Voter ID Proponents Point to Laws in Other Countries
A wave of recently-enacted voter ID laws in the U.S. has raised the ire of Democrats, who fear that requiring voters to present photo identification will disenfranchise minorities, students and seniors.
This week, a three-judge panel of the U.S. District Court in Washington is hearing arguments on Texas’s voter ID law, which requires voters to show a photo ID before being allowed to cast their ballots, The Post’s Sari Horwitz reported.
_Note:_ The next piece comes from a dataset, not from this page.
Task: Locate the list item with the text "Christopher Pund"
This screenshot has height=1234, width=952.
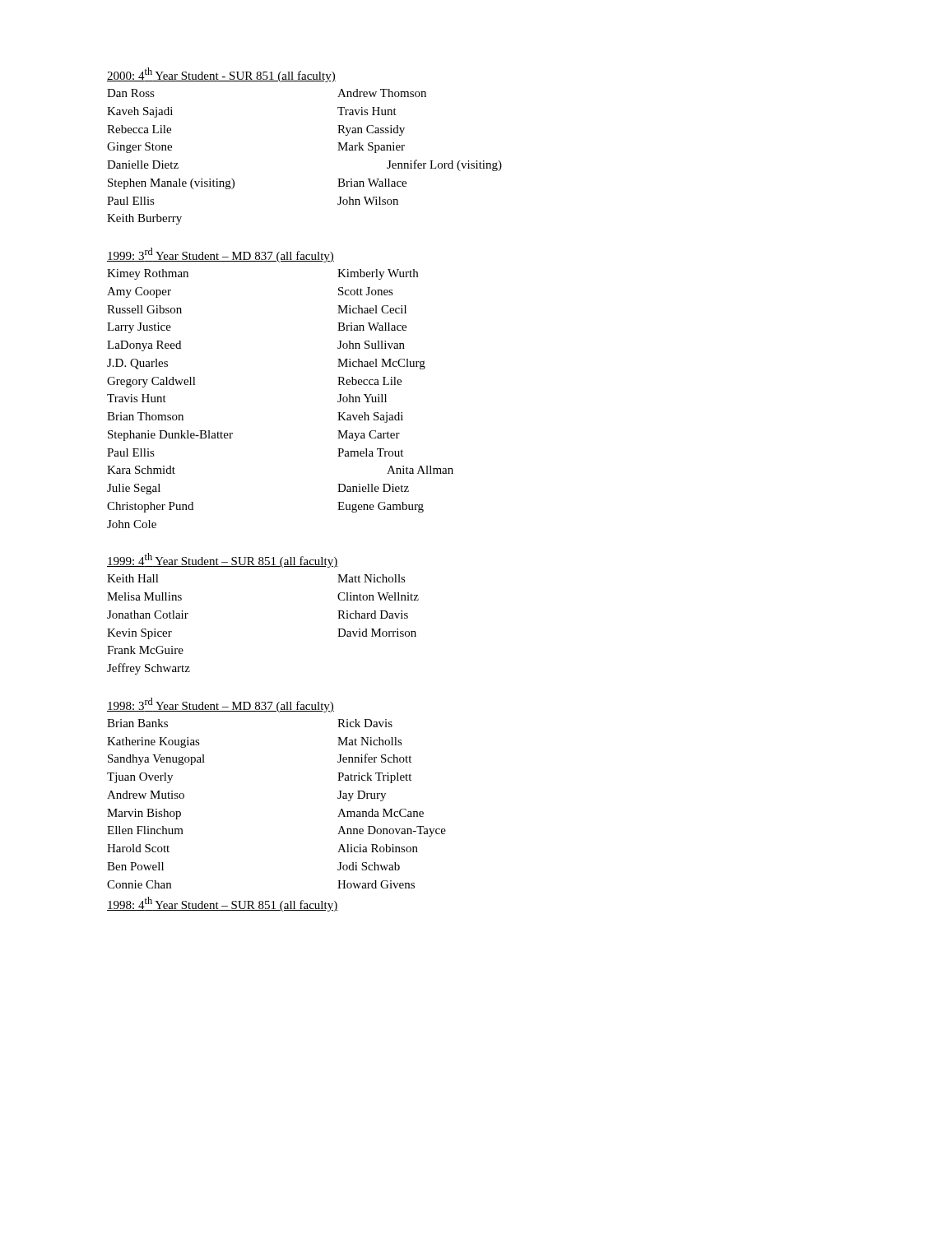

That’s on top of the South Carolina law, which the Justice Department has also challenged, as well as eight other states that passed voter ID laws last year. Proponents of the law have argued that such measures are not a threat to voters’ rights because similar voter ID restrictions are in place in democracies around the world. “If [voter fraud] is not a problem at all, how do you account for the fact that the Commission on Federal Election Reform ... recommended a voter ID requirement, and many other countries around the world have voter ID requirements?” Justice Samuel A. Alito Jr. said during a 2005 argument in a Supreme Court case that upheld an Indiana photo ID requirement.
Do other democracies require voters to carry photo IDs when they vote? Many do, but the laws aren’t as strict as those in Texas and South Carolina. According to a Harvard Law & Policy Review study, plenty of democracies do require voters to show identification, but many make allowances for those citizens who, for whatever reason, don’t have official government IDs.